So Andy, welcome. And if we could start with your background, we'd love to hear the "how he got here" of your career, from your early days as an engineer, then how you sort of got hooked into Wall Street, and then things took off from there.

Andy: Yeah, sure, Brett. Thanks for doing this. I was an electrical engineer at Cornell, and I was an engineer because I couldn't write. At least, my teachers and SAT scores told me I had zero aptitude in English.

But I was an electrical engineer wanting to design computers. It was computer architecture. I ended up, after getting a masters at Illinois, working at Bell Labs for a bunch of years designing modems and chips and writing software. This was in the early '80s, when the Internet was just coming into being, with Usenet groups and UUCP -- Unix to Unix Call Protocol.

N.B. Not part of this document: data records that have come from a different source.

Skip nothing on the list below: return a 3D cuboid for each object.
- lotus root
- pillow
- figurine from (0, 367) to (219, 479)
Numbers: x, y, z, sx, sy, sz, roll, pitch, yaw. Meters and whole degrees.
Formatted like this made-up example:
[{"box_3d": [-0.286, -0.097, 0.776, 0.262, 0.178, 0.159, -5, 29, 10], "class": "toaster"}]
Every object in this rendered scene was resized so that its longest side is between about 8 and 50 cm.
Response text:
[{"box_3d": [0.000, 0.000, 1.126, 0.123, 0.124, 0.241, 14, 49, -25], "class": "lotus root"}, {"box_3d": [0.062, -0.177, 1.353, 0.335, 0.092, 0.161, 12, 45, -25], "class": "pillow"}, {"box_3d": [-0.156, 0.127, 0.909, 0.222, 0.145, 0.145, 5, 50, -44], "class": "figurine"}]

Anyway, I got tired of working at the giant bureaucracy, bigger than the Post Office and bigger than the Pentagon, which was the phone company. I ventured out and accidentally tripped across a job on Wall Street following the chip business; the Intels (INTC) and Motorolas (MOT) and Advanced Micro Devices (AMD) and Texas Instruments (TXN). I took economics, but I didn't know anything about the stock market or what makes stocks go up or down. Of course, after working there for a little while, I realized that nobody on Wall Street really knows what makes stocks go up or down.

Brett: [Laughs.]

Andy: But they wanted someone with a technical background to go figure out what all these weird chip companies were doing. In '83 and '84, there was an IPO boom that took public quite a few new companies that were doing custom silicon and all this kind of stuff. So I was happy to jump in and learn about how to put together a forecast for an income statement and balance sheet and figure out how stocks work and start recommending stocks. And I was fortunate to recommend Intel early on, when I realized that, while with the 8086 and 286 they had hired other companies to make them -- second sources it was called, Advanced Micro Devices -- and with the 386 they were going to keep it to themselves.

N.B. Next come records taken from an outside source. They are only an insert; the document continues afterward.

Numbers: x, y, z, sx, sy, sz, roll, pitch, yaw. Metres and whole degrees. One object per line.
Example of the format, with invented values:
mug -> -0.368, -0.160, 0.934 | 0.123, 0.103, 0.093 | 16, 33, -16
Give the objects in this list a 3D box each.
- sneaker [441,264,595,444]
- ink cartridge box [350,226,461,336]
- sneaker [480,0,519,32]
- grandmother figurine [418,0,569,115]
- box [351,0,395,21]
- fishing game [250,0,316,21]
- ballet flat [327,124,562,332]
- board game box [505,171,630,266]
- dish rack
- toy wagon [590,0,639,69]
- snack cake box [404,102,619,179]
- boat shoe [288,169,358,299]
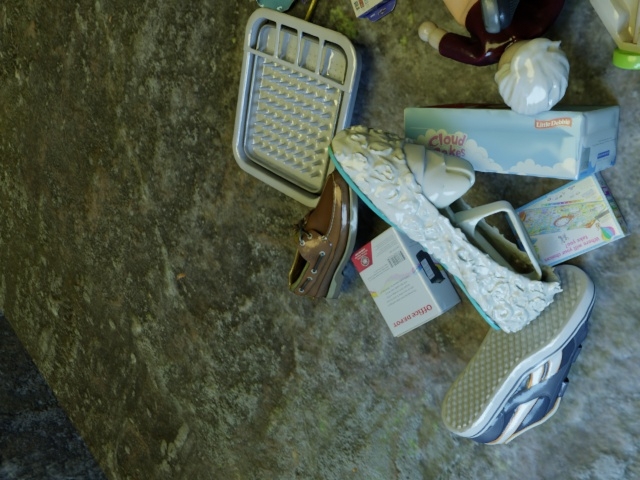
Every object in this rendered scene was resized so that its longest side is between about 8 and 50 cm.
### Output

So, I had a great recommendation. The stock was a 10- or 20-bagger over a number of years, and it just helped launch my career on Wall Street.

I worked at Morgan Stanley and in the investment banking world, helping take public the next wave of great companies. And I realized that, when you work on Wall Street, you sort of follow what has happened. You catch these companies on the tail end. I wanted to be involved at the early stages, when these companies were just forming, and provide access to capital -- growth capital or startup capital -- to these companies.

So, I left and went to a small firm and raised a venture fund in '93 or something like that. I thought there was this whole new media world, that technology would intersect with media and create this interactive media marketplace. So I started investing along those ways. Fortunately, a whole bunch of those early investments were the first wave of Internet companies -- those that were selling CDs online, basically selling things online or coming up with the tools to allow others to do that.

The fund was successful. I connected with one of my clients, and sort of one of everyone's on Wall Street clients, a gentleman by the name of Fred Kittler, who was at JPMorgan running a billion-dollar public fund investing in technology. He owned 10% of Cisco (CSCO) right after the thing went public, because he saw these great long-run trends. And I hooked up with him to start Velocity Capital Management.

The two of us were going to do public and private investing. What we were going to do, and what we ended up doing successfully, is duplicate what happened in the silicon world. In the silicon world, costs go down by 30% per year, and it creates these huge new markets that spurt out of nothing because of elasticity. If something gets cheaper, you are going to end up using more of it. We thought the same thing would happen with bandwidth that happened with silicon. It didn't because it was regulated and it was stuffed inside of phone companies. But as that became slightly less regulated, you had this big boon in TCP/IP, Internet protocol companies and devices. We had a very fun time running an investment fund, and we ended up being at the right place at the right time.

Brett: Can you talk about when you started the fund and in terms of establishing what your methodology was going to be? I know you've got a real interesting background in terms of looking for your edge, what your edge and specialty were going to be.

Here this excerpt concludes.